Des dignitaires de haut rang de l’establishment religieux égyptien invectivent le séminaire et ses participants
Le séminaire et ses recommandations ont suscité le courroux de membres de premier plan de l’establishment religieux égyptien. Muhammad Tantawi, le Cheikh d’Al-Azhar, s’en est pris violemment au séminaire et à ses participants et jugea que leur appel «à faire face aux institutions qui s’attribuent un monopole sur la religion» était dirigé contre Al-Azhar.
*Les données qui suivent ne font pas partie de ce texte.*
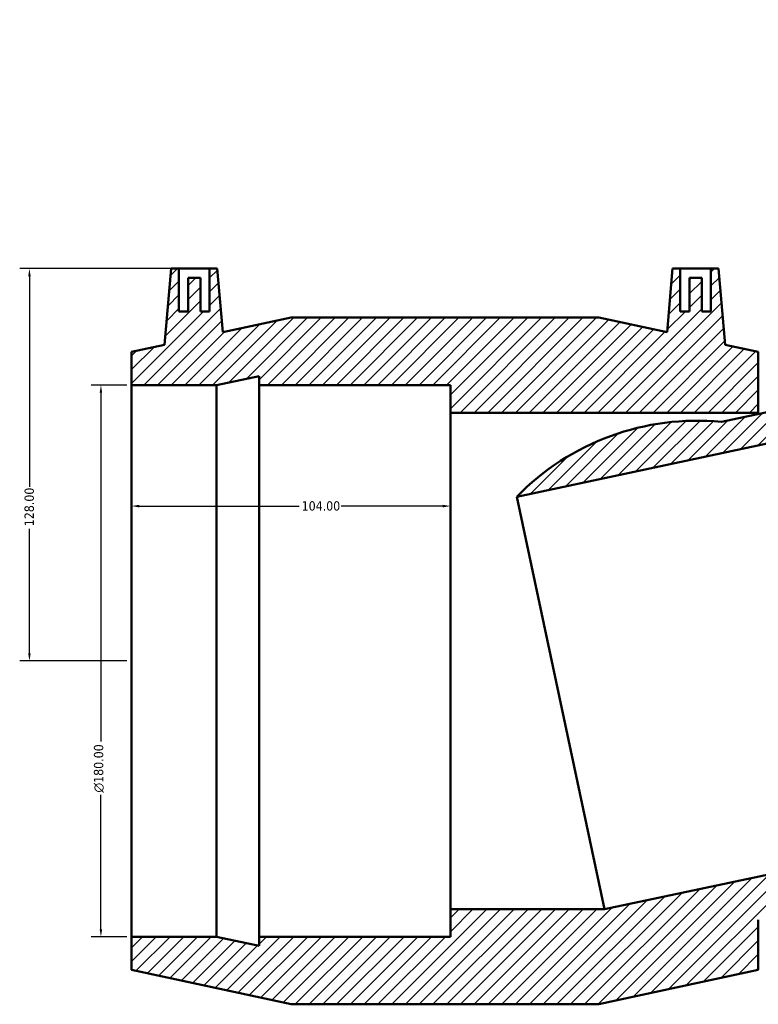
# Model space of a CAD drawing. Header units: millimetres. Extents: x -119 to 1637, y -786 to 1140.
# Tile 1 of 7: x 337 to 578, y -723 to -402. Entities that reach past the tile are written whole.
import ezdxf

# ---------------------------------------------------------------- set-up
doc = ezdxf.new("R2010")
doc.units = ezdxf.units.MM
for name, color, linetype, lineweight in [('Dimension (ANSI)', 7, 'Continuous', 25), ('Hatch (ANSI)', 7, 'Continuous', 18), ('Visible (ANSI)', 7, 'Continuous', 50)]:
    doc.layers.add(name, color=color, linetype=linetype, lineweight=lineweight)
doc.styles.add('Note Text (ANSI)', font='tahoma.ttf')
doc.dimstyles.new('Default - mm (ANSI)', dxfattribs={"dimtxt": 3.048, "dimasz": 2.5, "dimexe": 3.175, "dimexo": 1.6002, "dimgap": 0.8, "dimtad": 0, "dimtoh": 1, "dimrnd": 1e-08, "dimzin": 4, "dimdsep": 46, "dimtxsty": 'Note Text (ANSI)', "dimcen": 0.09, "dimdle": 10, "dimclrd": 256, "dimclre": 256, "dimclrt": 230, "dimadec": 1, "dimazin": 1, "dimtfac": 1, "dimtofl": 0, "dimtmove": 0, "dimatfit": 3, "dimfxl": 1, "dimtolj": 1, "dimtzin": 4, "dimlwd": -1, "dimlwe": -1, "dimarcsym": 0})

# ---------------------------------------------------------------- blocks, each defined once
blk = doc.blocks.new('*D8')
at = {"layer": 'Defpoints', "color": 0, "transparency": 16777216}
for p in [(388.7, -482.82), (339.94, -610.82), (373.26, -610.82)]:
    blk.add_point(p, dxfattribs=at)
at = {"layer": 'Dimension (ANSI)', "transparency": 16777216}
for p, q in [((387.1, -482.82), (336.76, -482.82)), ((339.94, -485.32), (339.94, -553.98)), ((339.94, -608.32), (339.94, -567.66)), ((371.66, -610.82), (336.76, -610.82))]:
    blk.add_line(p, q, dxfattribs=at)
for points in [[(339.52, -485.32), (340.35, -485.32), (339.94, -482.82)], [(339.52, -608.32), (340.35, -608.32), (339.94, -610.82)]]:
    blk.add_solid(points, dxfattribs=at)
at = {"layer": 'Dimension (ANSI)', "color": 230, "true_color": 0xff0080, "transparency": 16777216, "insert": (338.34, -566.86), "char_height": 3.048, "attachment_point": 1, "rotation": 90, "style": 'Note Text (ANSI)'}
blk.add_mtext('\\A1;128.00', dxfattribs=at)
blk = doc.blocks.new('*D9')
at = {"layer": 'Defpoints', "color": 0, "transparency": 16777216}
for p in [(477.26, -560.29), (373.26, -610.82), (477.26, -610.82)]:
    blk.add_point(p, dxfattribs=at)
at = {"layer": 'Dimension (ANSI)', "transparency": 16777216}
for p, q in [((375.76, -560.29), (427.92, -560.29)), ((474.76, -560.29), (441.6, -560.29))]:
    blk.add_line(p, q, dxfattribs=at)
for points in [[(375.76, -559.88), (375.76, -560.71), (373.26, -560.29)], [(474.76, -559.88), (474.76, -560.71), (477.26, -560.29)]]:
    blk.add_solid(points, dxfattribs=at)
at = {"layer": 'Dimension (ANSI)', "color": 230, "true_color": 0xff0080, "transparency": 16777216, "insert": (428.72, -558.71), "char_height": 3.048, "attachment_point": 1, "style": 'Note Text (ANSI)'}
blk.add_mtext('\\A1;104.00', dxfattribs=at)
blk = doc.blocks.new('*D10')
at = {"layer": 'Defpoints', "color": 0, "transparency": 16777216}
for p in [(373.26, -520.82), (363.26, -700.82), (373.26, -700.82)]:
    blk.add_point(p, dxfattribs=at)
at = {"layer": 'Dimension (ANSI)', "transparency": 16777216}
for p, q in [((371.66, -520.82), (360.08, -520.82)), ((363.26, -523.32), (363.26, -637.1)), ((363.26, -698.32), (363.26, -654.54)), ((371.66, -700.82), (360.08, -700.82))]:
    blk.add_line(p, q, dxfattribs=at)
for points in [[(362.84, -523.32), (363.67, -523.32), (363.26, -520.82)], [(362.84, -698.32), (363.67, -698.32), (363.26, -700.82)]]:
    blk.add_solid(points, dxfattribs=at)
at = {"layer": 'Dimension (ANSI)', "color": 230, "true_color": 0xff0080, "transparency": 16777216, "insert": (360.96, -653.74), "char_height": 3.048, "attachment_point": 1, "rotation": 90, "style": 'Note Text (ANSI)'}
blk.add_mtext('\\A1;\\fAIGDT|b0|i0;\\H3.0480;\\ln\\fTahoma|b0|i0;\\H3.0480;180.00', dxfattribs=at)

msp = doc.modelspace()

# ---------------------------------------------------------------- hatches: boundary and pattern name
at = {"layer": 'Hatch (ANSI)'}
h = msp.add_hatch(dxfattribs=at)
h.set_pattern_fill('ANSI31', color=256, scale=25.4, style=0)
h.set_pattern_definition([(45, (0, 0), (-2.245064, 2.245064), [])])
edge = h.paths.add_edge_path()
edge.add_ellipse((557.878, -615.026), major_axis=(7.736, 82.238), ratio=1, start_angle=0, end_angle=50.98312)
edge.add_line((498.852, -557.243), (695.564, -515.431))
edge.add_ellipse((665.143, -592.226), major_axis=(30.42, 76.796), ratio=1, start_angle=0, end_angle=50.98312)
edge.add_line((624.627, -520.244), (565.614, -532.788))
h.paths.add_polyline_path([(525.658, -498.822), (425.258, -498.822), (403.017, -503.612), (401.198, -482.822), (398.698, -482.822), (398.698, -496.822), (395.698, -496.822), (395.698, -485.822), (391.698, -485.822), (391.698, -496.822), (388.698, -496.822), (388.698, -482.822), (386.198, -482.822), (384.021, -507.704), (373.258, -510.022), (373.258, -520.822), (400.991, -520.822), (414.858, -517.875), (414.858, -520.822), (477.258, -520.822), (477.258, -529.822), (577.658, -529.822), (577.658, -510.022), (566.895, -507.704), (564.718, -482.822), (562.218, -482.822), (562.218, -496.822), (559.218, -496.822), (559.218, -485.822), (555.218, -485.822), (555.218, -496.822), (552.218, -496.822), (552.218, -482.822), (549.718, -482.822), (547.899, -503.612)])
h.paths.add_polyline_path([(739.033, -432.127), (647.313, -472.963), (628.944, -486.386), (618.826, -468.133), (616.542, -469.15), (622.236, -481.939), (619.496, -483.159), (615.021, -473.11), (611.367, -474.737), (615.841, -484.786), (613.101, -486.007), (607.406, -473.217), (605.123, -474.234), (613.254, -497.85), (604.365, -504.345), (612.418, -522.434), (704.138, -481.597), (700.477, -473.375), (757.483, -447.995), (756.284, -445.302), (770.15, -442.355), (795.486, -431.075), (791.093, -421.208), (780.318, -423.468), (768.209, -401.623), (765.925, -402.64), (771.619, -415.43), (768.879, -416.65), (764.404, -406.601), (760.75, -408.228), (765.224, -418.277), (762.484, -419.497), (756.789, -406.707), (754.506, -407.724), (761.3, -427.457)])
edge = h.paths.add_edge_path()
edge.add_line((738.422, -677.598), (830.142, -636.761))
edge.add_line((830.142, -636.761), (873.091, -605.379))
edge.add_line((873.091, -605.379), (868.699, -595.513))
edge.add_line((868.699, -595.513), (843.363, -606.793))
edge.add_line((843.363, -606.793), (831.894, -615.126))
edge.add_line((831.894, -615.126), (830.695, -612.433))
edge.add_line((830.695, -612.433), (773.69, -637.814))
edge.add_line((773.69, -637.814), (770.029, -629.592))
edge.add_line((770.029, -629.592), (724.169, -650.01))
edge.add_line((724.169, -650.01), (527.458, -691.822))
edge.add_line((527.458, -691.822), (477.258, -691.822))
edge.add_line((477.258, -691.822), (477.258, -700.822))
edge.add_line((477.258, -700.822), (414.858, -700.822))
edge.add_line((414.858, -700.822), (414.858, -703.77))
edge.add_line((414.858, -703.77), (400.991, -700.822))
edge.add_line((400.991, -700.822), (373.258, -700.822))
edge.add_line((373.258, -700.822), (373.258, -711.622))
edge.add_line((373.258, -711.622), (425.258, -722.822))
edge.add_line((425.258, -722.822), (525.658, -722.822))
edge.add_line((525.658, -722.822), (577.658, -711.622))
edge.add_line((577.658, -711.622), (577.658, -695.224))
edge.add_ellipse((557.878, -615.026), major_axis=(19.78, -80.198), ratio=1, start_angle=0, end_angle=15.51893)
edge.add_line((598.394, -687.008), (657.408, -674.465))
edge.add_ellipse((665.143, -592.226), major_axis=(-7.736, -82.238), ratio=1, start_angle=0, end_angle=15.51893)
edge.add_line((679.693, -673.536), (686.363, -688.516))
edge.add_line((686.363, -688.516), (738.422, -677.598))

# ---------------------------------------------------------------- linework, layer by layer
at = {"layer": 'Visible (ANSI)'}
for p, q in [((386.198, -482.822), (384.021, -507.704)), ((388.698, -482.822), (386.198, -482.822)), ((388.698, -496.822), (388.698, -482.822)), ((388.698, -482.822), (398.698, -482.822)), ((401.198, -482.822), (398.698, -482.822)), ((398.698, -482.822), (398.698, -496.822)), ((403.017, -503.612), (401.198, -482.822)), ((549.718, -482.822), (547.899, -503.612)), ((552.218, -482.822), (549.718, -482.822)), ((552.218, -496.822), (552.218, -482.822)), ((552.218, -482.822), (562.218, -482.822)), ((564.718, -482.822), (562.218, -482.822)), ((562.218, -482.822), (562.218, -496.822)), ((566.895, -507.704), (564.718, -482.822)), ((395.698, -485.822), (391.698, -485.822)), ((391.698, -485.822), (391.698, -496.822)), ((395.698, -496.822), (395.698, -485.822)), ((559.218, -485.822), (555.218, -485.822)), ((555.218, -485.822), (555.218, -496.822)), ((559.218, -496.822), (559.218, -485.822)), ((391.698, -496.822), (388.698, -496.822)), ((398.698, -496.822), (395.698, -496.822)), ((555.218, -496.822), (552.218, -496.822)), ((562.218, -496.822), (559.218, -496.822)), ((425.258, -498.822), (403.017, -503.612)), ((525.658, -498.822), (425.258, -498.822)), ((547.899, -503.612), (525.658, -498.822)), ((384.021, -507.704), (373.258, -510.022)), ((373.258, -510.022), (373.258, -520.822)), ((577.658, -510.022), (566.895, -507.704)), ((577.658, -529.822), (577.658, -510.022)), ((498.852, -557.243), (695.564, -515.431)), ((400.991, -520.822), (414.858, -517.875)), ((414.858, -517.875), (414.858, -520.822)), ((624.627, -520.244), (565.614, -532.788)), ((373.258, -520.822), (400.991, -520.822)), ((373.258, -700.822), (373.258, -520.822)), ((400.991, -700.822), (400.991, -520.822)), ((414.858, -520.822), (477.258, -520.822)), ((414.858, -700.822), (414.858, -520.822)), ((477.258, -520.822), (477.258, -529.822)), ((477.258, -529.822), (577.658, -529.822)), ((477.258, -691.822), (477.258, -529.822)), ((577.658, -530.228), (577.658, -529.822)), ((498.852, -557.243), (527.458, -691.822)), ((724.169, -650.01), (527.458, -691.822)), ((527.458, -691.822), (477.258, -691.822)), ((477.258, -691.822), (477.258, -700.822)), ((577.658, -711.622), (577.658, -695.224)), ((400.991, -700.822), (373.258, -700.822)), ((373.258, -700.822), (373.258, -711.622)), ((414.858, -703.77), (400.991, -700.822)), ((477.258, -700.822), (414.858, -700.822)), ((414.858, -700.822), (414.858, -703.77)), ((373.258, -711.622), (425.258, -722.822)), ((525.658, -722.822), (577.658, -711.622)), ((425.258, -722.822), (525.658, -722.822))]:
    msp.add_line(p, q, dxfattribs=at)
msp.add_arc((557.878, -615.026), 82.601, 84.62634, 135.60946, dxfattribs=at)

# ---------------------------------------------------------------- dimensions: what is measured, and where the dimension line sits
at = {"layer": 'Dimension (ANSI)'}
for base, p1, p2, angle, override, picture, middle in [((339.938, -610.822), (388.698, -482.822), (373.258, -610.822), 90, {"dimtoh": 0, "dimdec": 2, "dimtp": 0, "dimtm": 0, "dimtdec": 2, "dimatfit": 1}, '*D8', (339.938, -560.822)), ((477.258, -560.294), (373.258, -610.822), (477.258, -610.822), 180, {"dimtoh": 0, "dimdec": 2, "dimse1": 1, "dimse2": 1, "dimtp": 0, "dimtm": 0, "dimtdec": 2, "dimatfit": 1}, '*D9', (434.758, -560.294))]:
    dim = msp.add_linear_dim(base=base, p1=p1, p2=p2, angle=angle, dimstyle='Default - mm (ANSI)', override=override, dxfattribs=at)
    dim.commit()
    dim.dimension.update_dxf_attribs({"geometry": picture, "text_midpoint": middle, "dimtype": 160})
dim = msp.add_linear_dim(base=(363.258, -700.822), p1=(373.258, -520.822), p2=(373.258, -700.822), angle=90, text='\\fAIGDT|b0|i0;\\H3.0480;\\ln\\fTahoma|b0|i0;\\H3.0480;<>', dimstyle='Default - mm (ANSI)', override={"dimtoh": 0, "dimdec": 2, "dimtp": 0, "dimtm": 0, "dimtdec": 2, "dimatfit": 1}, dxfattribs=at)
dim.commit()
dim.dimension.update_dxf_attribs({"geometry": '*D10', "text_midpoint": (363.258, -645.822), "dimtype": 160})

doc.saveas('drawing.dxf')

Dans un entretien avec le quotidien koweïtien Al-Rai Al-Aam, Tantawi prétendit que les voix du séminaire «encouragèrent explicitement à désavouer la Sunna du Prophète; Al-Azhar et la société égyptienne sont opposés à cela.» Selon Tantawi, ces centres de recherche dont les représentants prirent part à ce séminaire «ont une influence destructive sur la société égyptienne et doivent être arrêtés et amenés en justice […]. C’est un appel explicite à mettre au rebut une source majeure de loi religieuse islamique – la Sunna du Prophète. C’est un danger que certains de [ nos ] ennemis étrangers ont un intérêt [ à promouvoir ].»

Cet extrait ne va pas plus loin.